BEGIN
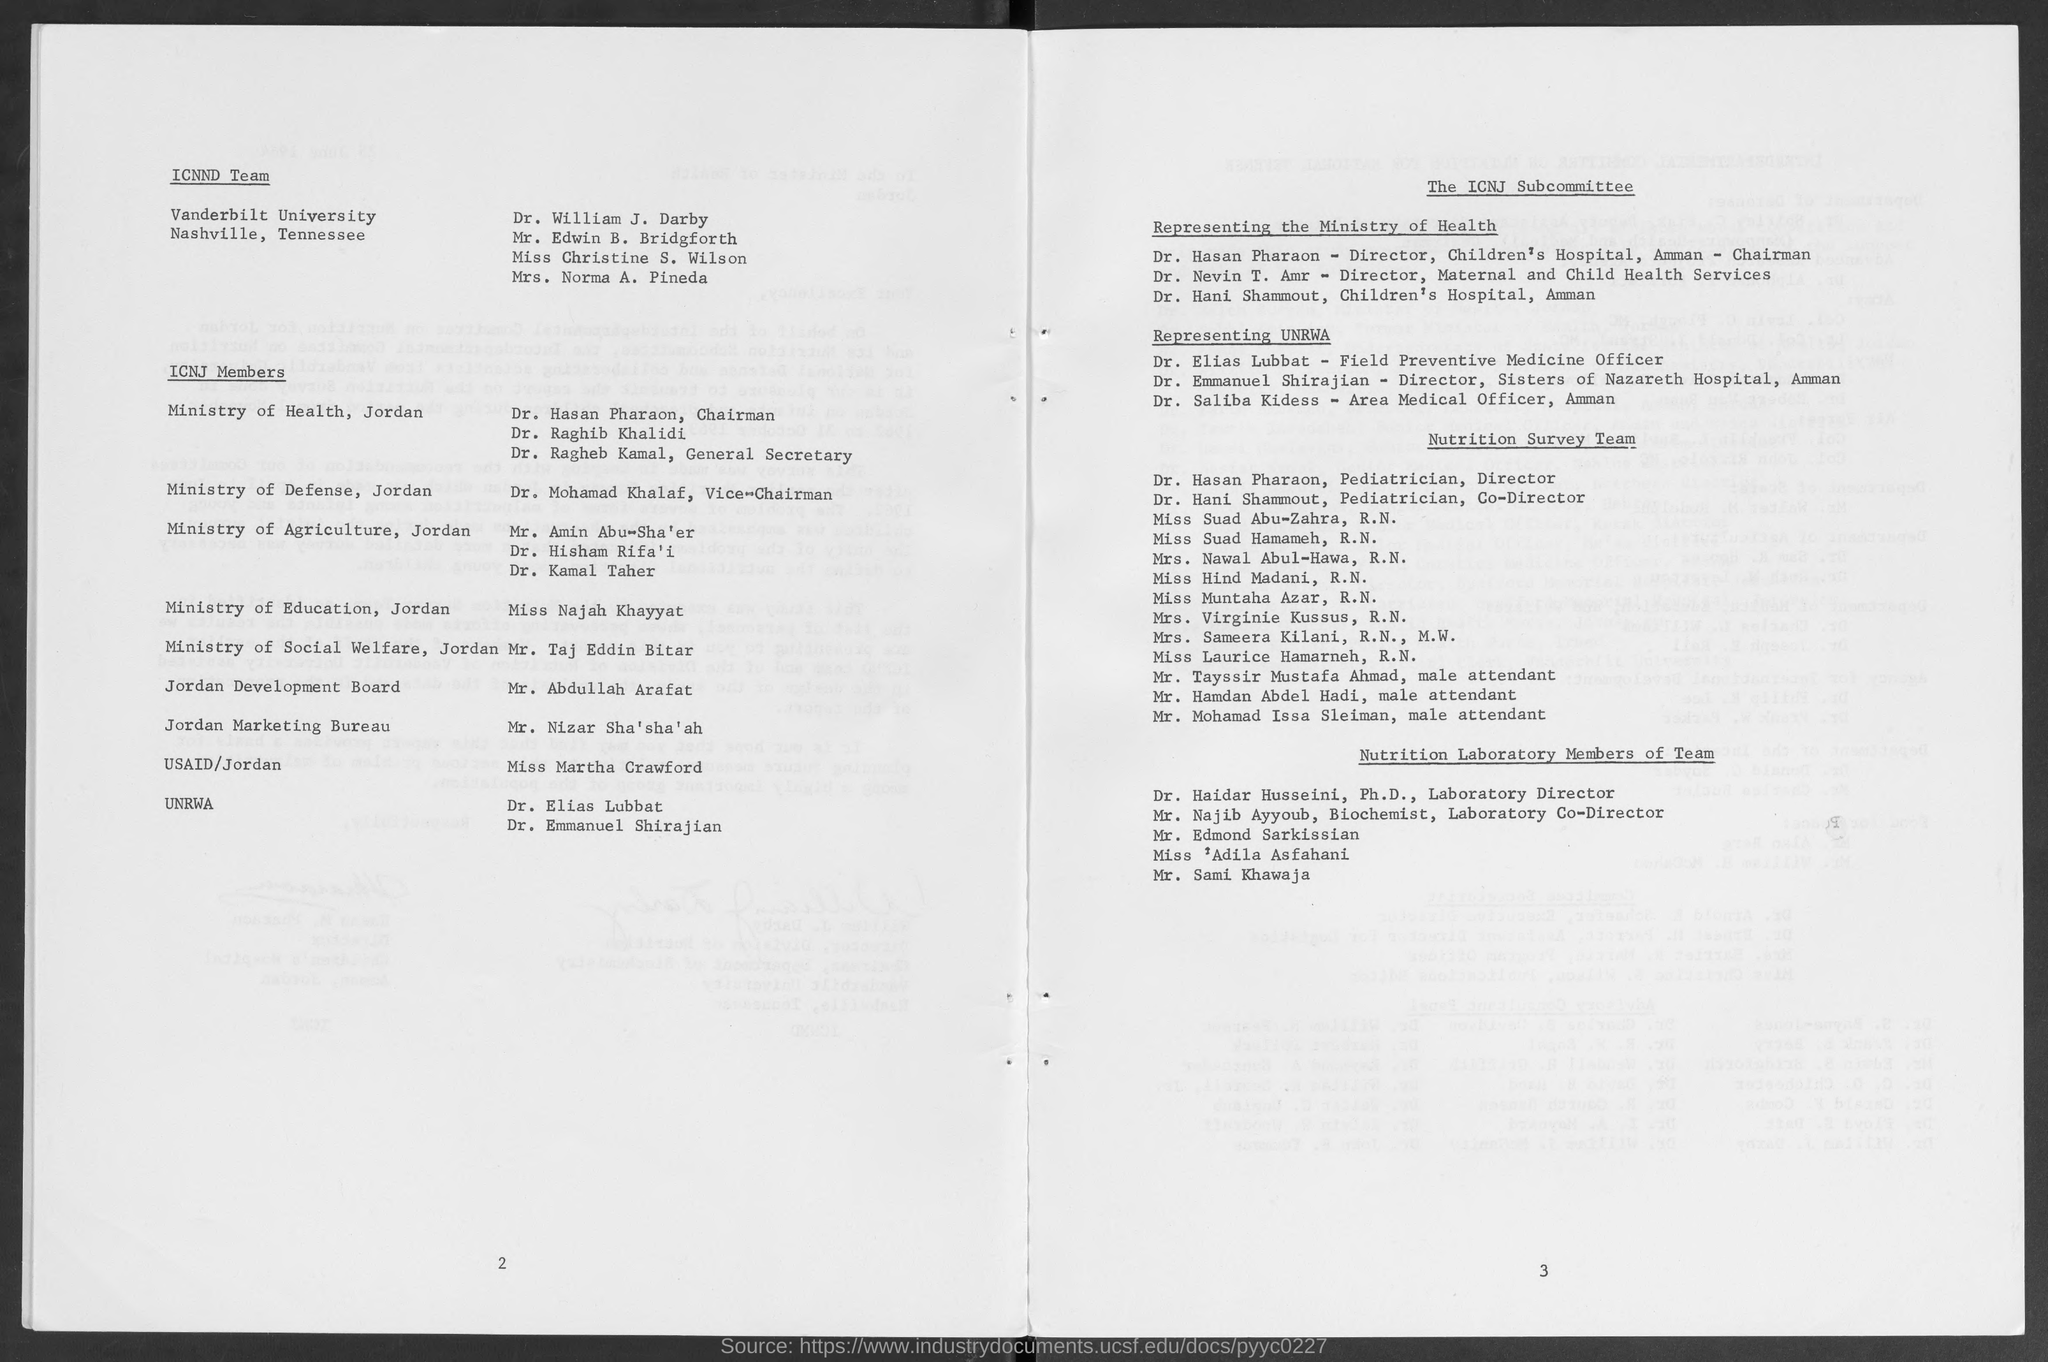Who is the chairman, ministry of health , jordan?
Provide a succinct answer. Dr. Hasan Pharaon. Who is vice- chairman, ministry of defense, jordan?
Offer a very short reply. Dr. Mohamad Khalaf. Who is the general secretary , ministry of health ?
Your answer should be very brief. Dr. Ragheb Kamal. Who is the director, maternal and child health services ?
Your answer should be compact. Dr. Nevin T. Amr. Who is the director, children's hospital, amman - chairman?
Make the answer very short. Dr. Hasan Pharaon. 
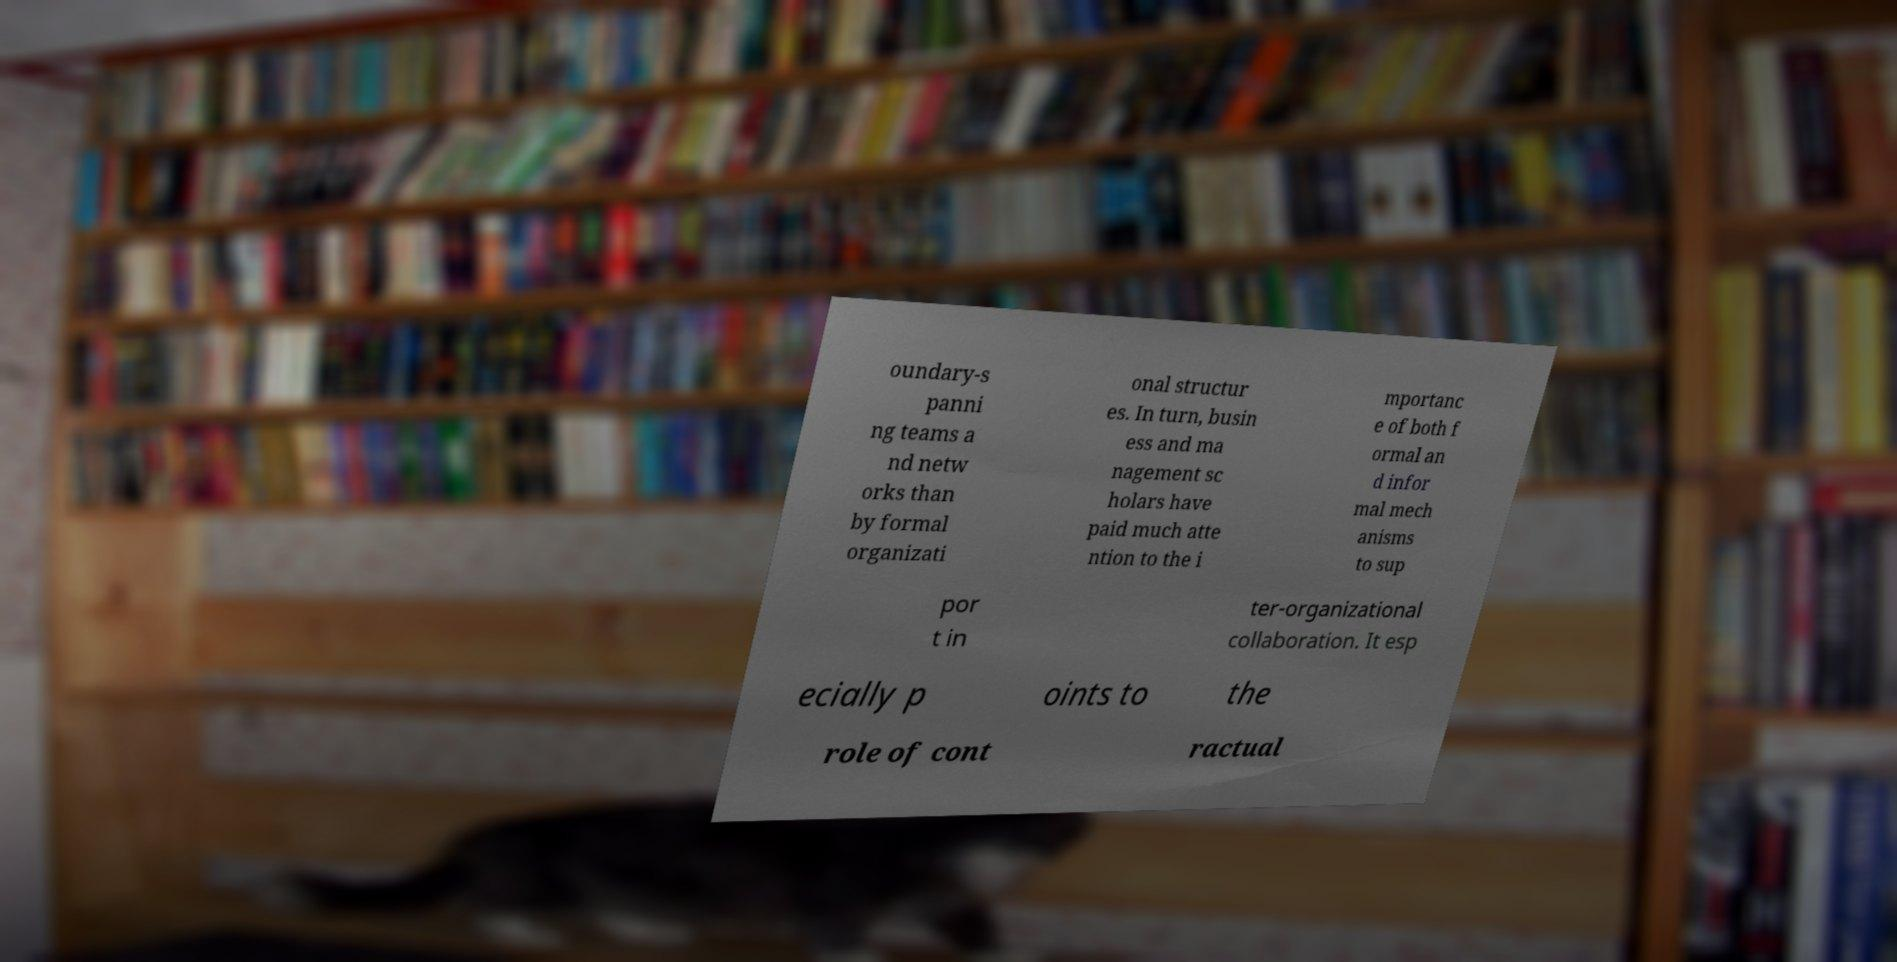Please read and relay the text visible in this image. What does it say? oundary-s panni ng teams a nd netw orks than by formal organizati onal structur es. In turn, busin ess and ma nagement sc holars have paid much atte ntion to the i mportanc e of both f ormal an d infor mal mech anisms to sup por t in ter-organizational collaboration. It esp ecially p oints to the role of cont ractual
END
→ **Exercise requirements**
Given the data above, transcribe exactly the lines from the one containing "Your answer should be very" down to the one containing "Make the answer", and no others.

→ **Answer for the task**
Your answer should be very brief. Dr. Ragheb Kamal. Who is the director, maternal and child health services ?
Your answer should be compact. Dr. Nevin T. Amr. Who is the director, children's hospital, amman - chairman?
Make the answer very short. Dr. Hasan Pharaon. 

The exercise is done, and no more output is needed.